使用Java Regex,如何检查字符串是否包含集合中的任何单词?

时间:2022-12-30 19:03:41

I have a set of words say -- apple, orange, pear , banana, kiwi

我有一套词说——苹果,橘子,梨,香蕉,猕猴桃

I want to check if a sentence contains any of the above listed words, and If it does , I want to find which word matched. How can I accomplish this in Regex ?

我想检查一个句子是否包含上面列出的任何一个词,如果包含了,我想找到匹配的词。如何在Regex中实现这一点?

I am currently calling String.indexOf() for each of my set of words. I am assuming this is not as efficient as a regex matching?

我正在为我的每一组单词调用String.indexOf()。

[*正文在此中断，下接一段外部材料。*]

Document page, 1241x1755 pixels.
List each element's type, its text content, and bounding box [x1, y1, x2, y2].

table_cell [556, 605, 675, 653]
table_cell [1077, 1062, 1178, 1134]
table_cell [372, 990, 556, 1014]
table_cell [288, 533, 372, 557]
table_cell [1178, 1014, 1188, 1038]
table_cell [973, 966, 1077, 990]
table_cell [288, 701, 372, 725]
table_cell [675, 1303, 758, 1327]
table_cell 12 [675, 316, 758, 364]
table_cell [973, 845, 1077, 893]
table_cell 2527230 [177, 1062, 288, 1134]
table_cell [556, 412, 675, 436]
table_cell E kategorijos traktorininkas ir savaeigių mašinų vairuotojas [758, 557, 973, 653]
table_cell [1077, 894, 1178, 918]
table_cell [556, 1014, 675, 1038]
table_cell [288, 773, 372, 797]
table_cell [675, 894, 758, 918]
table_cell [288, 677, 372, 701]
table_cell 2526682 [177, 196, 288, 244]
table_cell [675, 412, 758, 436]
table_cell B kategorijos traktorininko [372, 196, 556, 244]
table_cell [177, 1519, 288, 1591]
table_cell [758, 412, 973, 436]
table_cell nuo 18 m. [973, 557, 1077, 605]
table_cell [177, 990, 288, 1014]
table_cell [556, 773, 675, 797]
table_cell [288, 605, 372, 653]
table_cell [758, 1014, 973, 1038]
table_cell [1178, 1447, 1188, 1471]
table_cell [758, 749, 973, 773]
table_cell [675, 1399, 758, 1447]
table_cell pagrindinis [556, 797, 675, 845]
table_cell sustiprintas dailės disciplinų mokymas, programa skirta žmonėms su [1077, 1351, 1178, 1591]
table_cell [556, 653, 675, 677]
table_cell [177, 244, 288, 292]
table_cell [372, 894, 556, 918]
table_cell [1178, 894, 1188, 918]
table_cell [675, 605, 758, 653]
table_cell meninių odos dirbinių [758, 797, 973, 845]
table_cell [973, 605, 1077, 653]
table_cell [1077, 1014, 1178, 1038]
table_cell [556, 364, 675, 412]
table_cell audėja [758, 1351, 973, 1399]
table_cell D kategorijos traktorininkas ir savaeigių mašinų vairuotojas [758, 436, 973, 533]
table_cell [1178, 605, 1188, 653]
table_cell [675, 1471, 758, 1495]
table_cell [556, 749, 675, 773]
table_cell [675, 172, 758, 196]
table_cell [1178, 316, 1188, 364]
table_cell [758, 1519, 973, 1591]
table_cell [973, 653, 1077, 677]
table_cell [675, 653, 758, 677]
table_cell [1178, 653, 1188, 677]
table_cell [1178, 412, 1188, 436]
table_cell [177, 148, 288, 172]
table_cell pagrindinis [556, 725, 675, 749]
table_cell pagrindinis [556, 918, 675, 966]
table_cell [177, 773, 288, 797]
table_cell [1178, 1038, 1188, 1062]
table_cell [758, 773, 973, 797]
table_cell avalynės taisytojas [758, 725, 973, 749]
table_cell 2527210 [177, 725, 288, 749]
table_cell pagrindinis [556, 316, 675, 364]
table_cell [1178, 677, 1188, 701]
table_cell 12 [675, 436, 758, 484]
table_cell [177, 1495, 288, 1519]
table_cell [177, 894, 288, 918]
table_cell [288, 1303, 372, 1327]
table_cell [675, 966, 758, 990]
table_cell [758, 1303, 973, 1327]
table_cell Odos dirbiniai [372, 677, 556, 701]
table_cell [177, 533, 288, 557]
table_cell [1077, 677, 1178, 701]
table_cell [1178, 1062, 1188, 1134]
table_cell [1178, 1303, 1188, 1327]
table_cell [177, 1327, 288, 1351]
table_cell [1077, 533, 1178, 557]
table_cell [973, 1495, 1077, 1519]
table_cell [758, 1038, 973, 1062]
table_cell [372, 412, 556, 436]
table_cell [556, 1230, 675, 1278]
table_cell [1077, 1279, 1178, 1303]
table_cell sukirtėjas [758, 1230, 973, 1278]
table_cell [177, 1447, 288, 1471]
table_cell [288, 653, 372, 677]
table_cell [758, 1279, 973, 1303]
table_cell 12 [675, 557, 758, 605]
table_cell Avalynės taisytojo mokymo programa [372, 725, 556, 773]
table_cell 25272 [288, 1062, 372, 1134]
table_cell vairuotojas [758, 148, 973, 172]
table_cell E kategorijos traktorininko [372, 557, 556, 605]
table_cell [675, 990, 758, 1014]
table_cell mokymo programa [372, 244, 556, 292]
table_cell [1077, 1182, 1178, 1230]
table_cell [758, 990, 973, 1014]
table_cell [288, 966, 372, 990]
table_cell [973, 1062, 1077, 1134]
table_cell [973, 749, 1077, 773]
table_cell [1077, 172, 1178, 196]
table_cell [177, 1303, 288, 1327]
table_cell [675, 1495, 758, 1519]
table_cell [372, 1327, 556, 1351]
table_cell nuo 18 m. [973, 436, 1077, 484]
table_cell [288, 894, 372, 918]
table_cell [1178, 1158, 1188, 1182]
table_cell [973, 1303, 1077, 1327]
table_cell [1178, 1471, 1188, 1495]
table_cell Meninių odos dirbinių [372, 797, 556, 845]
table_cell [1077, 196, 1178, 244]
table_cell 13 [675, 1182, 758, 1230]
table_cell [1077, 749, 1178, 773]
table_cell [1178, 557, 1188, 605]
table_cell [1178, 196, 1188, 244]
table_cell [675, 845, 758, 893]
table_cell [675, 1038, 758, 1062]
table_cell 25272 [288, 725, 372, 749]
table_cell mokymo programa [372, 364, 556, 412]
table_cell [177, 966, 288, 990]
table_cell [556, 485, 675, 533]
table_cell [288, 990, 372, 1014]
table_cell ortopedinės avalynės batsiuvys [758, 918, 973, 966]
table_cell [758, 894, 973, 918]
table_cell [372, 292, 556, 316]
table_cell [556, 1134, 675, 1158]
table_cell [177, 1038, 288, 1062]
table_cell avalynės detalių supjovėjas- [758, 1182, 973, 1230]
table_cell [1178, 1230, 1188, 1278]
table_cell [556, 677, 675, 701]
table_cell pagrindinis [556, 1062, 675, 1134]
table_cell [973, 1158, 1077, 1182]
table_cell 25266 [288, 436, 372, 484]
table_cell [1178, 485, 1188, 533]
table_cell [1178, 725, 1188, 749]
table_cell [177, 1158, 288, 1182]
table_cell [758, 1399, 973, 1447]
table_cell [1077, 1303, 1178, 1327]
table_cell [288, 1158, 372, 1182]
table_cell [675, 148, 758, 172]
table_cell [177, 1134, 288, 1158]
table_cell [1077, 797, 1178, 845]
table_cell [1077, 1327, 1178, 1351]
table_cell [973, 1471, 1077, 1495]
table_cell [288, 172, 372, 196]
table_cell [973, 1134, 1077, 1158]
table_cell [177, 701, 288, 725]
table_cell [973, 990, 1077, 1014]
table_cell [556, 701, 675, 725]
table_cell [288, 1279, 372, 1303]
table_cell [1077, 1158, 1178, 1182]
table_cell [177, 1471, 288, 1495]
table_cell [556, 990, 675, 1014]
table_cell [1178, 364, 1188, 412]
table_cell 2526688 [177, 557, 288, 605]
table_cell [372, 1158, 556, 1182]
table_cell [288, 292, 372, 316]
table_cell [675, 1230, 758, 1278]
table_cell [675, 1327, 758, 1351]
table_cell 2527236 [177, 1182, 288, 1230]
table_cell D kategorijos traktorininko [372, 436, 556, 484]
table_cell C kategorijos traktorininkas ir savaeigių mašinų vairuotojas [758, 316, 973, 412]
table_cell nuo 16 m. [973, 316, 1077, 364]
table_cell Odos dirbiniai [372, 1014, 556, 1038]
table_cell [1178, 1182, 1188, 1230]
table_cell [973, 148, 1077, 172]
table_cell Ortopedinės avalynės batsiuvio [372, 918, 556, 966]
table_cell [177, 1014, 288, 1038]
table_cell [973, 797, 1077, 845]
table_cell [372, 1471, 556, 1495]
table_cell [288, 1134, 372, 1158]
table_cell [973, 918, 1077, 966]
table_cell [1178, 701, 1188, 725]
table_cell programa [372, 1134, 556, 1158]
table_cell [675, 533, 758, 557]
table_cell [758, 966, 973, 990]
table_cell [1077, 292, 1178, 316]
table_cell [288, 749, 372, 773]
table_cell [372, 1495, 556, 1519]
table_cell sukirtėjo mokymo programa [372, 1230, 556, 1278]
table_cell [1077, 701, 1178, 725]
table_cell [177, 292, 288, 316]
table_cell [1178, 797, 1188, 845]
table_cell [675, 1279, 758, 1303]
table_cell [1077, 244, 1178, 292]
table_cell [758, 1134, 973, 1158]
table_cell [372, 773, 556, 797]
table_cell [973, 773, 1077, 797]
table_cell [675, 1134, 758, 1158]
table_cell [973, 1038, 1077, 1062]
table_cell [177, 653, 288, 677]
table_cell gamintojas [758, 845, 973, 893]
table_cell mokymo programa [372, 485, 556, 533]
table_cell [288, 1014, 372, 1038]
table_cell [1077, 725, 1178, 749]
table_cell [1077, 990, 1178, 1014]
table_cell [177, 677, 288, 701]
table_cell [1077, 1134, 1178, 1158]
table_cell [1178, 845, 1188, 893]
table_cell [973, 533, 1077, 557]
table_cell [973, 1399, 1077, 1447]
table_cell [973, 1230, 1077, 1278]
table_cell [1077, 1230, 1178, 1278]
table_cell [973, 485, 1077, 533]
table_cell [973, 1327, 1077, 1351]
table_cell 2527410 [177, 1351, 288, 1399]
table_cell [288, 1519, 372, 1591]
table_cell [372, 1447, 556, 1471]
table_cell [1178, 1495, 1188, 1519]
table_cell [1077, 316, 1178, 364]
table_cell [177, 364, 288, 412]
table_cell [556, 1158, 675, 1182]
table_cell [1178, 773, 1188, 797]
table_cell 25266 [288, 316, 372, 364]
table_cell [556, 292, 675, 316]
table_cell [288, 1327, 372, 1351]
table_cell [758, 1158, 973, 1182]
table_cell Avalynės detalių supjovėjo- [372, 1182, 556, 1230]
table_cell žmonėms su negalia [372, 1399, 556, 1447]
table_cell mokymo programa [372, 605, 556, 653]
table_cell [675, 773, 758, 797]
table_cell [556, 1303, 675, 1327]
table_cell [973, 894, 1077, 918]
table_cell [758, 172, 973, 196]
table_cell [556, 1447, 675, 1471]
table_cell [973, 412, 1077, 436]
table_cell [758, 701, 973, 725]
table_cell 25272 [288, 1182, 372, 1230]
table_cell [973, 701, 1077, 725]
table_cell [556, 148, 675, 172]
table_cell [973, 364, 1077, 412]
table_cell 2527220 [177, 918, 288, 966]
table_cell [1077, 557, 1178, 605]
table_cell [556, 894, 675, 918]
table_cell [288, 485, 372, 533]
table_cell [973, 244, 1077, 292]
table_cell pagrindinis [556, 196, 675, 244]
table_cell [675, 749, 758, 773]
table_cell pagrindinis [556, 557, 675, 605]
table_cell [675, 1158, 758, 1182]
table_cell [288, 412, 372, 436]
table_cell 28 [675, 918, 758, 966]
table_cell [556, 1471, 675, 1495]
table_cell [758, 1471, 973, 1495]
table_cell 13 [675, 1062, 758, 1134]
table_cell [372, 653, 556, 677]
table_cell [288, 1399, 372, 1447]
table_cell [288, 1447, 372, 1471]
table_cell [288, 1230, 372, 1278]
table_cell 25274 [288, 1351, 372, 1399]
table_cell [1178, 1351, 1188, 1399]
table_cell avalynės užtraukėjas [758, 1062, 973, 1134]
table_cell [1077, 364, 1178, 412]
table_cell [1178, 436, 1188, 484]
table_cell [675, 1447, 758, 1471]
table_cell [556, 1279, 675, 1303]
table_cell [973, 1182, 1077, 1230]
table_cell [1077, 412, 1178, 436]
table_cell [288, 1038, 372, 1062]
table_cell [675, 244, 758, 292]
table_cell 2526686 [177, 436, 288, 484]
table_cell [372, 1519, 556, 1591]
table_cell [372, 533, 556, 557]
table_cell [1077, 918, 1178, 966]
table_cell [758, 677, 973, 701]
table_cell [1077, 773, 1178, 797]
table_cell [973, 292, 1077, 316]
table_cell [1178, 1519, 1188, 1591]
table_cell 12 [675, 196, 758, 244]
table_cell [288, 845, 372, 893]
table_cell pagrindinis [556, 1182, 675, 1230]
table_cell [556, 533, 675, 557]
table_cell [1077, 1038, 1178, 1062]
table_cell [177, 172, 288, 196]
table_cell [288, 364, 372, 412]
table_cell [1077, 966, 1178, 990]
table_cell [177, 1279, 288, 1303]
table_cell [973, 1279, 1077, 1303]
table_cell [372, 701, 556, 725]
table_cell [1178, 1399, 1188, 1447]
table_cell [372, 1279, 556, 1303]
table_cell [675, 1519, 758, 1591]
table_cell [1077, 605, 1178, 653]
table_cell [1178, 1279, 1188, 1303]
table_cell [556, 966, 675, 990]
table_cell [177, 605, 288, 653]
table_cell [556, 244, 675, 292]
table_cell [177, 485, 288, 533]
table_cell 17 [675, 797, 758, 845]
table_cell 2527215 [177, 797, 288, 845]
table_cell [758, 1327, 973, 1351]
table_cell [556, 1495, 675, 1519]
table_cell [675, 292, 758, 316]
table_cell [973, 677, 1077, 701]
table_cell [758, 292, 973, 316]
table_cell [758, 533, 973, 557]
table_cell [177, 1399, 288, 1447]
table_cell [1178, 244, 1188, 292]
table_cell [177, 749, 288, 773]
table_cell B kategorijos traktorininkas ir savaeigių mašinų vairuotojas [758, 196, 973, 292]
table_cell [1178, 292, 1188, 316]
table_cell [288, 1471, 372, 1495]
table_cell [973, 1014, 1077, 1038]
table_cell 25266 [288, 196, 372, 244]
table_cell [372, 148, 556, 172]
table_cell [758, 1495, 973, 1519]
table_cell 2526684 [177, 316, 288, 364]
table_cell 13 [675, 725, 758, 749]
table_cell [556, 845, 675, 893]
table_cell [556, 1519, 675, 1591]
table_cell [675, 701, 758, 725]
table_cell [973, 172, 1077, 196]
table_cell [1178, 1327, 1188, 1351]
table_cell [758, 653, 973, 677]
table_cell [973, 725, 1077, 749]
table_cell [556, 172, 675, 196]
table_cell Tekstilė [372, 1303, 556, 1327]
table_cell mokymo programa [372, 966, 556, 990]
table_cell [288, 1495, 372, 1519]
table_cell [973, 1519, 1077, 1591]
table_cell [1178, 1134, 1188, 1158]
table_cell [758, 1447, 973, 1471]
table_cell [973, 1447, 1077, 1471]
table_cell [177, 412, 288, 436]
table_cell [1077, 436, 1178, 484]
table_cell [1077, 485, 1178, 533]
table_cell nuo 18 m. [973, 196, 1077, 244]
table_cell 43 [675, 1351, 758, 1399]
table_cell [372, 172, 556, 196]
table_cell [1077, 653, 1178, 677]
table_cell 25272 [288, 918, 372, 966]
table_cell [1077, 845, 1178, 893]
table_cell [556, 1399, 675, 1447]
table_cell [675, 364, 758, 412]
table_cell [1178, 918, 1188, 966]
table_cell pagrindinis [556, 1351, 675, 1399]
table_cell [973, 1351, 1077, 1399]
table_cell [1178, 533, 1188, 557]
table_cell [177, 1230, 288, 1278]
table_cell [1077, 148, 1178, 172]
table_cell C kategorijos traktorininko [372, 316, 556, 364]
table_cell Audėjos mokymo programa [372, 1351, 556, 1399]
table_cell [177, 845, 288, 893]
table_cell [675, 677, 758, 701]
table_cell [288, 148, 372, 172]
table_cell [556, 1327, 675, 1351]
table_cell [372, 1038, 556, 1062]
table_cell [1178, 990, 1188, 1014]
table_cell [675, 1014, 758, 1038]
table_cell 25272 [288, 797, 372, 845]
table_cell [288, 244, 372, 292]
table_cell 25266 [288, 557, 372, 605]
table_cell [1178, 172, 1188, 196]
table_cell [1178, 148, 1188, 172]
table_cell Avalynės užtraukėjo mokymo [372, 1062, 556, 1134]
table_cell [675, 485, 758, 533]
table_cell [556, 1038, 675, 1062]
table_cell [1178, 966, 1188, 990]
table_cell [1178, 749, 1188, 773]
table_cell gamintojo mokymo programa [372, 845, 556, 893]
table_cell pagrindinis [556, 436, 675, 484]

我假设这没有regex匹配那么有效?

3 个解决方案

#1


47  

TL;DR For simple substrings contains() is best but for only matching whole words Regular Expression are probably better.

对于简单的子字符串contains()来说,DR是最好的,但是对于只匹配整个单词来说,正则表达式可能更好。

The best way to see which method is more efficient is to test it.

查看哪种方法更有效的最好方法是测试它。

You can use String.contains() instead of String.indexOf() to simplify your non-regexp code.

可以使用String.contains()而不是String.indexOf()来简化非regexp代码。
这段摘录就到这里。